Given records
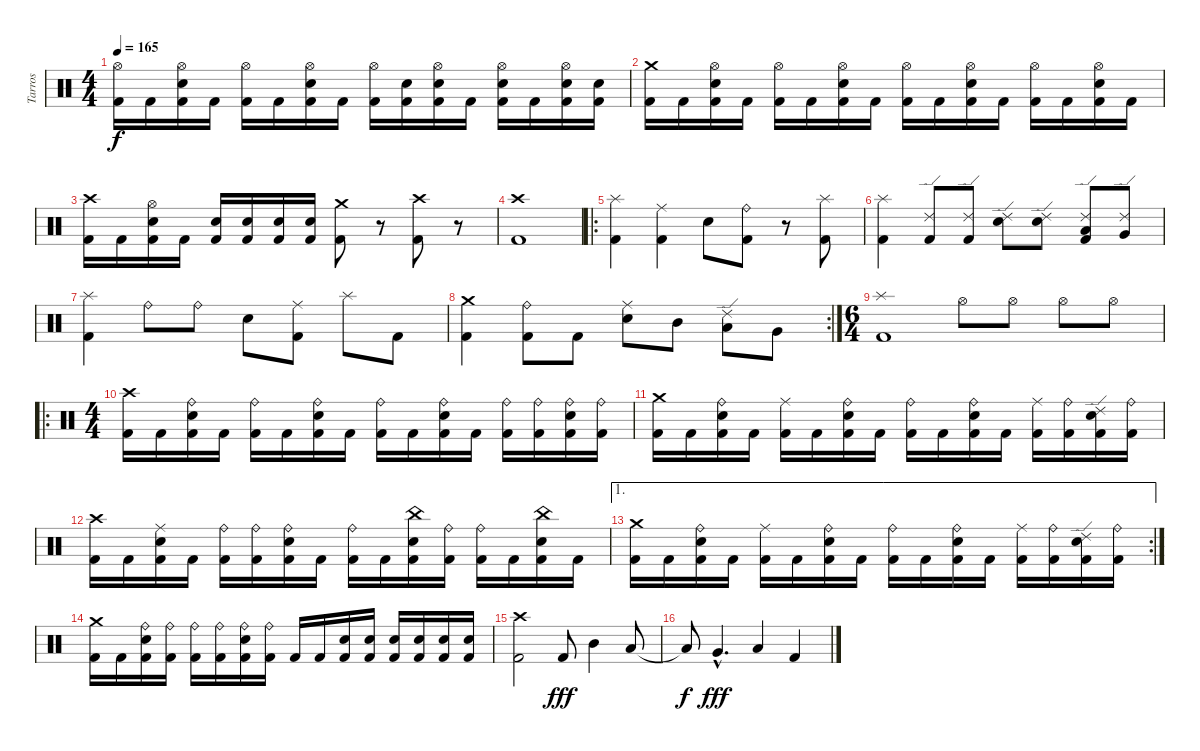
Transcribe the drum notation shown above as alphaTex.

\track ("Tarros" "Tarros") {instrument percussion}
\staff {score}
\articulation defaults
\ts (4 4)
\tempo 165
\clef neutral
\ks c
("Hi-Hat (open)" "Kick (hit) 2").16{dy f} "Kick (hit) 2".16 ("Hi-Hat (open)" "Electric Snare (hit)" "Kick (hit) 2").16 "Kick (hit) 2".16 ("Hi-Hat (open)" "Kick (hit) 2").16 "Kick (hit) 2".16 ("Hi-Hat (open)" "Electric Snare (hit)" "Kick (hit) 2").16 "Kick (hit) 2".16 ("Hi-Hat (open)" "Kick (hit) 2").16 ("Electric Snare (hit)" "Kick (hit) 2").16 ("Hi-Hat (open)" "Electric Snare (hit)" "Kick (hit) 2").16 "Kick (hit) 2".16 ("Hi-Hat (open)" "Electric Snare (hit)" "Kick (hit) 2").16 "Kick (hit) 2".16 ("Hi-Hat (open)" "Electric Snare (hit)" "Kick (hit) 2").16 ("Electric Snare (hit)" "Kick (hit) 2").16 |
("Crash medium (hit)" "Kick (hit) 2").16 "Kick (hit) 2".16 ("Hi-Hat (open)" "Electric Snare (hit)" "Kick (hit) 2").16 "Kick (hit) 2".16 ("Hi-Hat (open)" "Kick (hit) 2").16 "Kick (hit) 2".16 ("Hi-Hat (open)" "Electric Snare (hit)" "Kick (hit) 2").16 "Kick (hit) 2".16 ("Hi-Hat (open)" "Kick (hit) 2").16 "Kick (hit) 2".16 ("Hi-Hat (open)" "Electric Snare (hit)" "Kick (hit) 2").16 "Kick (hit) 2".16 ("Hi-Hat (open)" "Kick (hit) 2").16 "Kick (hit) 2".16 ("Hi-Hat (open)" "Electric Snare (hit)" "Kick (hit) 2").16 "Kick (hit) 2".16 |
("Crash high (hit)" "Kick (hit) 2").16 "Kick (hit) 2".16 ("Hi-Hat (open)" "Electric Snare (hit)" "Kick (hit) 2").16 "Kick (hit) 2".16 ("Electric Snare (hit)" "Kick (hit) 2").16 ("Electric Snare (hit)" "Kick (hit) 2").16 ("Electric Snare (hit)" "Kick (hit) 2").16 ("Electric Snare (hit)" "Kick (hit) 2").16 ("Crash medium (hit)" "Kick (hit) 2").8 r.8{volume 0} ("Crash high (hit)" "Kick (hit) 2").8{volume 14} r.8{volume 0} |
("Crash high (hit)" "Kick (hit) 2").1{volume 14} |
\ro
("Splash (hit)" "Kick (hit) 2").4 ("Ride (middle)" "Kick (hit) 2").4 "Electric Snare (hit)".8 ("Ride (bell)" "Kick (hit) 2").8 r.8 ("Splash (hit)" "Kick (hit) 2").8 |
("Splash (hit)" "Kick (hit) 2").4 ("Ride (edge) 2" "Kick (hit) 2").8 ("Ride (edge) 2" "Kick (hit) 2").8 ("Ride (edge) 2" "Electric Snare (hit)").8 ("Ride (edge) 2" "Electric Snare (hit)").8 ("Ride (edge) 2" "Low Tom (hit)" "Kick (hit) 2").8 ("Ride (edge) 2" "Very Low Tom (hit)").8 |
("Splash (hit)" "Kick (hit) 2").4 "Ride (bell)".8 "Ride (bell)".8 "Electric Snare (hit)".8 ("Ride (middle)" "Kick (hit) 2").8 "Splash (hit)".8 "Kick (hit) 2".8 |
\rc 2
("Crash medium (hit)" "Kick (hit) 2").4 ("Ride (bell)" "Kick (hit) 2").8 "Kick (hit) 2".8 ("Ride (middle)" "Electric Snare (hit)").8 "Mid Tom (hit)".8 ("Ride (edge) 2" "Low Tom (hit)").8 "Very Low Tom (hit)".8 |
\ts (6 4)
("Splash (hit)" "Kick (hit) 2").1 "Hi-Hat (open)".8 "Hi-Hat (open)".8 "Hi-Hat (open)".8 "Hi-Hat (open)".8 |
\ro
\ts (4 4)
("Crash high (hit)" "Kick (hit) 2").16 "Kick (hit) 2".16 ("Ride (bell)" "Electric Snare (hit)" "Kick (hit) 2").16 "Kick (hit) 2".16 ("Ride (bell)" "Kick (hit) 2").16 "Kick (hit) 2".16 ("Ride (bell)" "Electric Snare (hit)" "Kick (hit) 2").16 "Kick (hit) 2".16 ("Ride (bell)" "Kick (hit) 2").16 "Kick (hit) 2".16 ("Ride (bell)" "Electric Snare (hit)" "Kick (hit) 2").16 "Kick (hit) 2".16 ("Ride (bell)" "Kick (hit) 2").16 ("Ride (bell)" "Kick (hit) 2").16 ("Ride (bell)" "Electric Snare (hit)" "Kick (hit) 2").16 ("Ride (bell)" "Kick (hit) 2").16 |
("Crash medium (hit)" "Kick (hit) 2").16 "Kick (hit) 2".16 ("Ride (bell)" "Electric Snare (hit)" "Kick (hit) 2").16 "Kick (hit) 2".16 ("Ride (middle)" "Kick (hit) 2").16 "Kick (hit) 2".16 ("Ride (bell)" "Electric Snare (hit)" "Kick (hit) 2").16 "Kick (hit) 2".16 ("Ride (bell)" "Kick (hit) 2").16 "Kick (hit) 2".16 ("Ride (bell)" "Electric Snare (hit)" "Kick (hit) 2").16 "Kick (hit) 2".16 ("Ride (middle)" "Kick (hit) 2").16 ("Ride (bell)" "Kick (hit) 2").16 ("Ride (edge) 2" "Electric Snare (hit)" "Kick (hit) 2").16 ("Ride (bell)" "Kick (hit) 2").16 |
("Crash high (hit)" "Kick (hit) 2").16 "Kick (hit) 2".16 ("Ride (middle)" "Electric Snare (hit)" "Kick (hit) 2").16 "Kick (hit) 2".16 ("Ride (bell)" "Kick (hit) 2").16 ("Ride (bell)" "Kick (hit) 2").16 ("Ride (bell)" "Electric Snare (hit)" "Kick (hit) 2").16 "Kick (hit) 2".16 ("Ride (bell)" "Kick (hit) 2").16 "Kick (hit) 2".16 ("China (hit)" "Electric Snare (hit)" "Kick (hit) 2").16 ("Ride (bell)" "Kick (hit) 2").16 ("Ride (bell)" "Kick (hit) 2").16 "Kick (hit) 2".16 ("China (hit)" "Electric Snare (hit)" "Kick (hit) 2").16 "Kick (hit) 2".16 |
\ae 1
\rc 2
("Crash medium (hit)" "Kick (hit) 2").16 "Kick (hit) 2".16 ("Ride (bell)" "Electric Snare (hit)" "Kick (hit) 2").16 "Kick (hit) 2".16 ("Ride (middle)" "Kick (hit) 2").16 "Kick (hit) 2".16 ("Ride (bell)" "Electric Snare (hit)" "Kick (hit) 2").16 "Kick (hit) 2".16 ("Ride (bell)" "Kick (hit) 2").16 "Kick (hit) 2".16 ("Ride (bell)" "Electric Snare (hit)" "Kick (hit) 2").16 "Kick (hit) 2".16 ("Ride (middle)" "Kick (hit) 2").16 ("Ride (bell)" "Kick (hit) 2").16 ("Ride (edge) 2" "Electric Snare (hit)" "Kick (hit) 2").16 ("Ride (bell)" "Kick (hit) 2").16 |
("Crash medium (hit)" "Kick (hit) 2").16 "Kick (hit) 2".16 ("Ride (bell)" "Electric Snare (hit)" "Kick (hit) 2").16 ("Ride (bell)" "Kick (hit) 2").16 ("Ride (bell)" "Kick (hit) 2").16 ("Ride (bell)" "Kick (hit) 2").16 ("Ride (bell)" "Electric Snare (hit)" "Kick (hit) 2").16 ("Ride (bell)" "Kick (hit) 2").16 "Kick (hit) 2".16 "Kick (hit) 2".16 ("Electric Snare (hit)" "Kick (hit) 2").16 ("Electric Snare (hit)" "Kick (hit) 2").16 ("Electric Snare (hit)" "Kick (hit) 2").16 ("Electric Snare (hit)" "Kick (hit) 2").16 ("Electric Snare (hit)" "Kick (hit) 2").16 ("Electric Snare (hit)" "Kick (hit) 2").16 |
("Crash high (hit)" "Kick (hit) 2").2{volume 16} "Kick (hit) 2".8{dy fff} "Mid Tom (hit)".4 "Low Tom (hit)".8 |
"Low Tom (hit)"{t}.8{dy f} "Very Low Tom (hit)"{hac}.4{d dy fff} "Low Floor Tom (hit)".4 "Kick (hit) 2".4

...

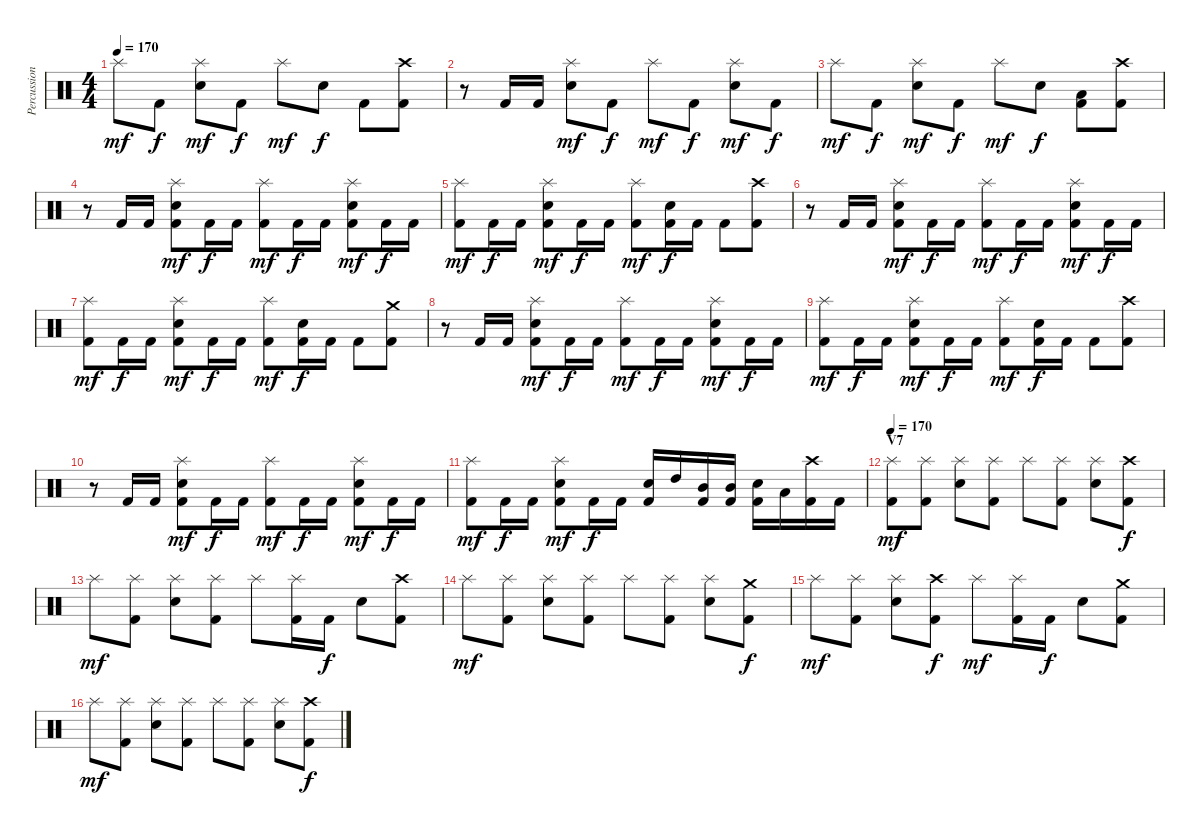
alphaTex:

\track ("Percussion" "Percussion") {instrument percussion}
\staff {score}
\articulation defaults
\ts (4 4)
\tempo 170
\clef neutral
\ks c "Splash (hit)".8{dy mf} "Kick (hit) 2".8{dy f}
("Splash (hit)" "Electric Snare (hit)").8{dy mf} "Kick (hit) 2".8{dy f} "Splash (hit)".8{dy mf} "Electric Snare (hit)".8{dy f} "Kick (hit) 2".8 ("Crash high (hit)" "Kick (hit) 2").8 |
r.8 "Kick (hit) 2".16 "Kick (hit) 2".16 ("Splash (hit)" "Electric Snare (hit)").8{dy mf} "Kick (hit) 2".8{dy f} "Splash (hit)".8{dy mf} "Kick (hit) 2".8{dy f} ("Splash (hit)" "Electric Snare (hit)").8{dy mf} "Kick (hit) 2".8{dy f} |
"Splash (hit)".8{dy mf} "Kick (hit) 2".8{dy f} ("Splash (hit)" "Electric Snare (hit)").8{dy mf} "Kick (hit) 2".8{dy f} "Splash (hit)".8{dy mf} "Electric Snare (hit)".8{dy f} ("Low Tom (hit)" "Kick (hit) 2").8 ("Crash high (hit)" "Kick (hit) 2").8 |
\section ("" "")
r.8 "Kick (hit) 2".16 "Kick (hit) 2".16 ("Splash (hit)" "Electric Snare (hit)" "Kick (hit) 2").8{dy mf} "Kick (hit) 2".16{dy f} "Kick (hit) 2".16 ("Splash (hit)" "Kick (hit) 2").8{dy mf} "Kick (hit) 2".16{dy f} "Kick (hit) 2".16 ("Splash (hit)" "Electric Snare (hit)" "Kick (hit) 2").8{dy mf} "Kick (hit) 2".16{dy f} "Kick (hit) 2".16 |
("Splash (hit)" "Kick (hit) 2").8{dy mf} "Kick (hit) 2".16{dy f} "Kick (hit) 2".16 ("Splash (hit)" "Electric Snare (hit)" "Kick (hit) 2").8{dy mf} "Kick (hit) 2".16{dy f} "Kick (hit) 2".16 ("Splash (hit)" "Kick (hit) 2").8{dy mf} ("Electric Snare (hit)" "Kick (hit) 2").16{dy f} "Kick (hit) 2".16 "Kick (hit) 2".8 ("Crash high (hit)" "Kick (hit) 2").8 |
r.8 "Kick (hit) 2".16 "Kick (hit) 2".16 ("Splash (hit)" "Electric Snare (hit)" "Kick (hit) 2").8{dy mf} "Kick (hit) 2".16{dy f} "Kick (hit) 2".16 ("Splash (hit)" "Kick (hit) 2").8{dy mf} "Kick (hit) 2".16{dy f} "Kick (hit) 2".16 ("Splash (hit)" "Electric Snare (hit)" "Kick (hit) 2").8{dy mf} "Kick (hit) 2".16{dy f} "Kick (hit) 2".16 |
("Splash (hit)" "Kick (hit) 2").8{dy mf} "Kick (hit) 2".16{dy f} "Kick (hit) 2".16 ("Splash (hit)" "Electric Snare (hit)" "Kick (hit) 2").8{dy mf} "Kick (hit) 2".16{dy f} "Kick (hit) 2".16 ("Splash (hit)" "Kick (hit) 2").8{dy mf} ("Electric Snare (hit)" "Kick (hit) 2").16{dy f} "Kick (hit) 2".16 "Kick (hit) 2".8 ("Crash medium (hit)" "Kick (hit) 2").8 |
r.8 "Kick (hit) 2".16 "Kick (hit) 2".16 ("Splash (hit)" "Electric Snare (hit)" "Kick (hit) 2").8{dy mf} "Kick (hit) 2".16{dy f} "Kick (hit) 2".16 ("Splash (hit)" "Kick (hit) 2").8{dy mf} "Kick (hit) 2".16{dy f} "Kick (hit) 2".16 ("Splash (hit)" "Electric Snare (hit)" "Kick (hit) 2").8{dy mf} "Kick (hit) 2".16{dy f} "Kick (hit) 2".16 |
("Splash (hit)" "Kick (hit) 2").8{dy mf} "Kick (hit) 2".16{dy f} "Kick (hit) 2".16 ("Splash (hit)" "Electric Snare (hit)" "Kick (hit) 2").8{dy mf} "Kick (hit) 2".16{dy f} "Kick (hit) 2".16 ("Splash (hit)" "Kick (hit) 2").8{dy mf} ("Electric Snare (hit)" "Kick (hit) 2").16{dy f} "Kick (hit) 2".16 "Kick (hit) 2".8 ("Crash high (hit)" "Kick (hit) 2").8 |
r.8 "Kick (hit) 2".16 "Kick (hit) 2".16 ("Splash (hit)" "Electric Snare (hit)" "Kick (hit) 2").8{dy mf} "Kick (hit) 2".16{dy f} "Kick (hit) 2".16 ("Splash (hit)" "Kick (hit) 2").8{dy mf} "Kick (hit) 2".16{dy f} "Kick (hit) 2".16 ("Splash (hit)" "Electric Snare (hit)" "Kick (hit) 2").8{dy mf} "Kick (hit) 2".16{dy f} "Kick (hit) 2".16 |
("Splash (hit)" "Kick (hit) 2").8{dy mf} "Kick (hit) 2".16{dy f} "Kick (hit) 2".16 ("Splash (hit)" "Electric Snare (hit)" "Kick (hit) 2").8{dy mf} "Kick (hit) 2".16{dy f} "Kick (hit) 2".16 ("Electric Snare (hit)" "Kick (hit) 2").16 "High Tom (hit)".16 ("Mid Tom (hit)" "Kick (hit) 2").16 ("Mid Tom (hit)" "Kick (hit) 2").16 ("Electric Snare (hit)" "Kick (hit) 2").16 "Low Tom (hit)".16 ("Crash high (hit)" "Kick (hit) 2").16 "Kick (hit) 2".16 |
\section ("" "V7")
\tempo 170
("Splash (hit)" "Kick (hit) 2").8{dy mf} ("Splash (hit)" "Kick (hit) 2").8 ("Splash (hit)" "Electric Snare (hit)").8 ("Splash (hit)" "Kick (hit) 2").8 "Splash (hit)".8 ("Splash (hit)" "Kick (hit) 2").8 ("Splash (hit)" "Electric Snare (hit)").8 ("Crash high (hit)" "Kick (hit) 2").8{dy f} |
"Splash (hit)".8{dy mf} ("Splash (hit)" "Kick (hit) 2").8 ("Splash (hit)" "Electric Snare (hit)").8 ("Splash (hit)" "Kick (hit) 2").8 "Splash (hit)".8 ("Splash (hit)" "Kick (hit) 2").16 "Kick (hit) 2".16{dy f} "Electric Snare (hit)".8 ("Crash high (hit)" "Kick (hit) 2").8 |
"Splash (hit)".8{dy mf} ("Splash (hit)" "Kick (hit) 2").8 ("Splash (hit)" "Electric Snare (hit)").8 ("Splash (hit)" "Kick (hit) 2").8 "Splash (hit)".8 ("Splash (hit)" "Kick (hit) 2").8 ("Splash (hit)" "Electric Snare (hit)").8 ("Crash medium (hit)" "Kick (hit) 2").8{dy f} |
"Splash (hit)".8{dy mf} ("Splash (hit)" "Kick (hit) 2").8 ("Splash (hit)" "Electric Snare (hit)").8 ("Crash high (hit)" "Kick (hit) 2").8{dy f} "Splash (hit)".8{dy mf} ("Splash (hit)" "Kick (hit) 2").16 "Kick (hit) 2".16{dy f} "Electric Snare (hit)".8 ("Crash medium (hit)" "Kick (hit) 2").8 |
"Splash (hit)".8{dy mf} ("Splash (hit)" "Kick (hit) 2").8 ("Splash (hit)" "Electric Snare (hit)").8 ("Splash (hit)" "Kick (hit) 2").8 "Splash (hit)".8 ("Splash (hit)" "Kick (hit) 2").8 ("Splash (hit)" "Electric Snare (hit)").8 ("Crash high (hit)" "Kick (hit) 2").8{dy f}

Your objective
When a line above contains the string "track", copy that line.

Answer below
\track ("Tarros" "Tarros") {instrument percussion}
\track ("Percussion" "Percussion") {instrument percussion}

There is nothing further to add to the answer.